Today in the school newspaper, the veritable Quest, always seeking and never finding, I saw yet another article concerning the efforts of the library-workers of Reed College to unionize so as to prove their payment and working conditions. This afternoon I approached a girl working at the library desk and I questioned her as to whether or not there was a copy of the book entitled "Catullus and His World" on reserve, to which she replied, "Do you have the call number?" Now, I did not have the call number, and I was forced to exert myself and look it up, then give it to her, upon which she promptly retrieved the book for me, and we both went about our business. However, there are computers at the library desks. And the library workers have access to those computers. And she was not engaged in any other activity concerning her work -- well, there is work and then there is work. She was doing work, mayhaps, but it is not of the kind and type that one is being paid to do. It was homework. She was being paid to do one kind of work, and she was setting herself about an entirely different type of work. And when I asked for help, she proceeded to have me go about her work so that she wouldn't have to go about my work. In any event, this all has something to do with the fact that the Reed workers are poorly treated, seeing as they spend so much time working, and indeed deserve more pay. I feel this extension of pay and improvement of working conditions might profitably be extended to all those who spend any time in the library; if we, the humble students of the Reed community, are not going to receive pay for reading long books for long hours, while they, the workers of our humble school library, are to receive pay for the doing the same while making us go about their business of searching out a book's call number, then I think a serious offense is being committed against the united citizenry of Reed College in general. It is absolutely infuriating.

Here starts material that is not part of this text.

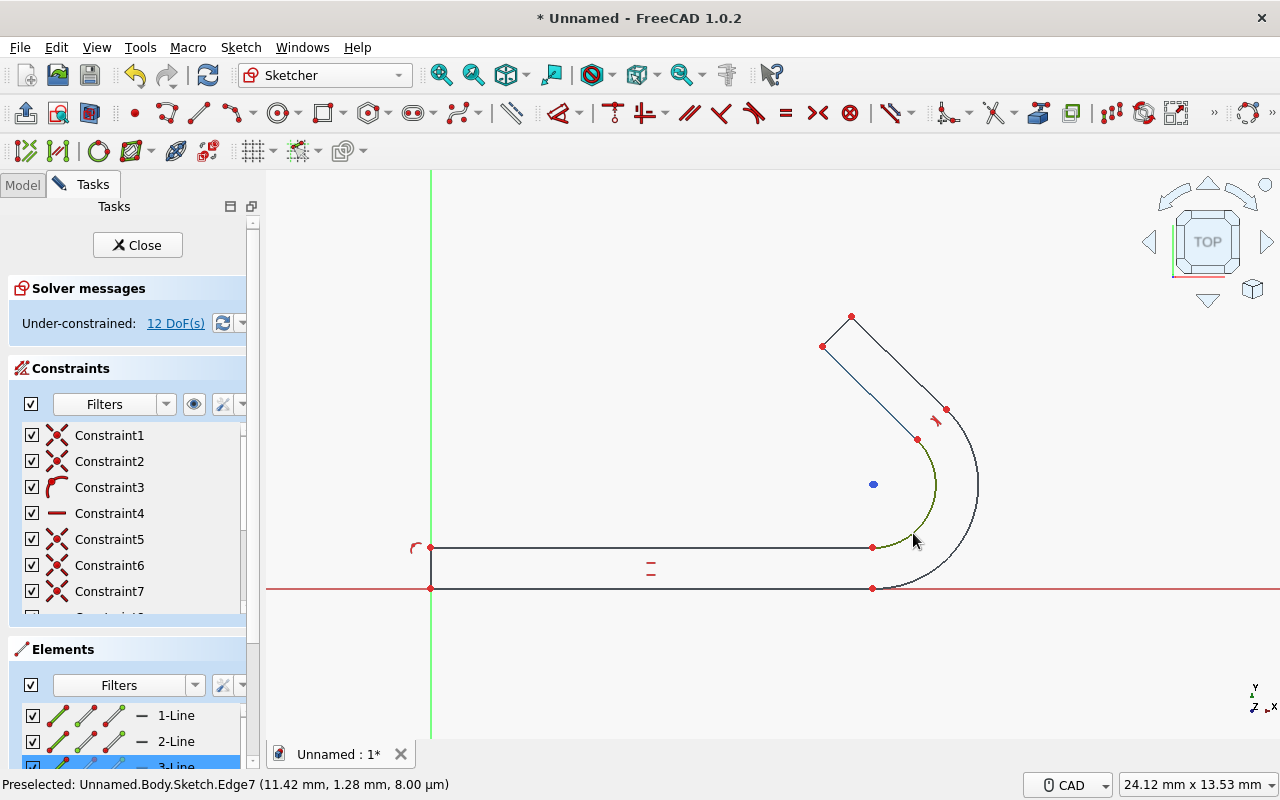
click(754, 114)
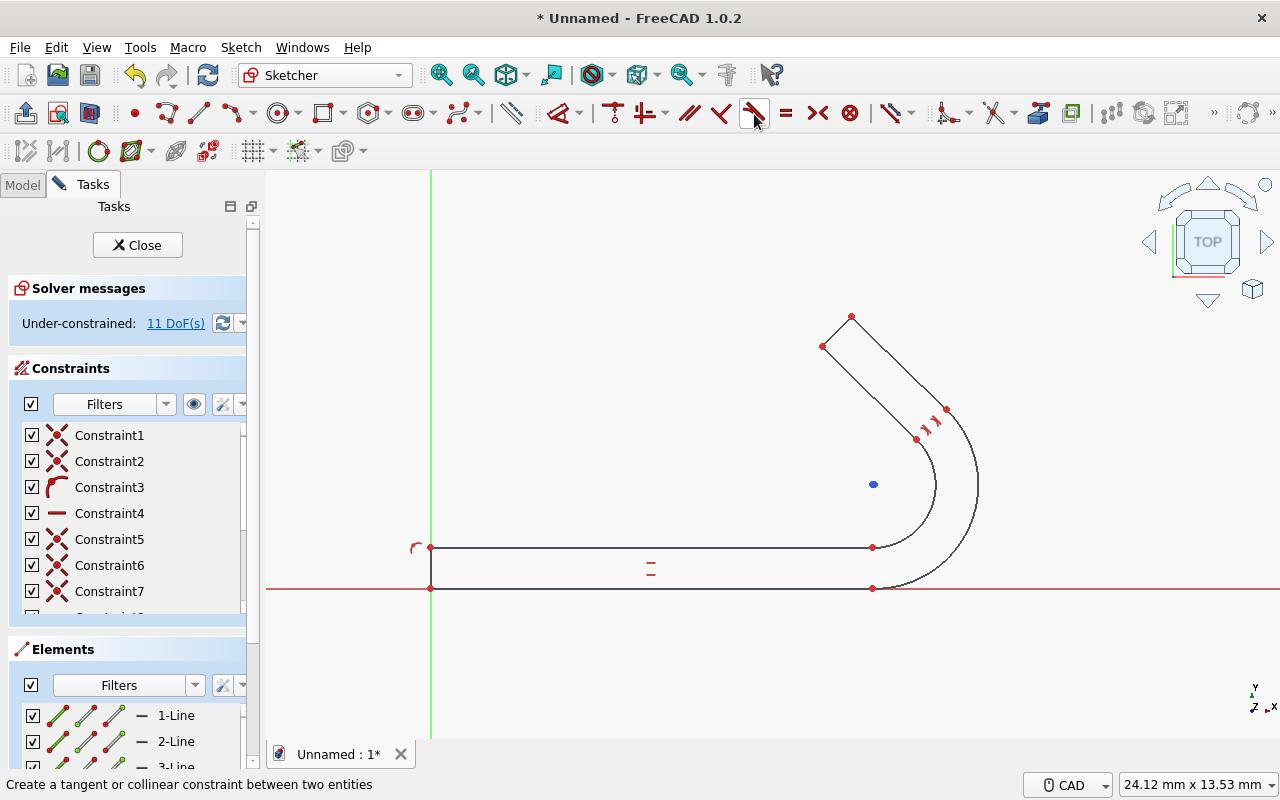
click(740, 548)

So that aside, I just spent about an hour and a half reading about Catullus. We approach books very often as we approach television -- we hope for something instantly entertaining that will release pleasure into our cerebral cortex in short intervals. But to sit down with discipline and commit oneself to a thorough reading of a book, this is another matter entirely. I think that it is so far from being a vice in fact a virtue to simply commit a block of time to reading a book, cover to cover. And not a simple, easy book like "Alice's Adventures in Wonderland" but a rather more difficult book, like Gibbon's adventures in Rome. There is immense profit to be found in simply committing one's mind to a task and having at it for hours on end. The mental stimulation is only one of the benefits to be secured from such activity; straining against one's own impatient will, keeping one's eyes from glazing over at the repetitive list of place names that accumulates like a mountain from a molehill of abstruse references, and continually searching and grasping with one's mind for a point, a verb, a manner of location, anything -- these are all useful and commendable skills. Because the next time someone whom you are paying asks you to do the work you are paying them to do, you will have obtained at least a modicum of the self-discipline neccessary to keep from yelling at them and stamping your feet repeatedly like an unruly four year-old.

On a final note, it would be enjoyable to sit down and read the Aeneid in latin, entirely, with no notes, translation, or aids in the way of a guide, source-book, dictionary, etc. The mind is so used to encountering things it understands that it rarely sojourns into unfamiliar or unknown territory. To you all I bid grace.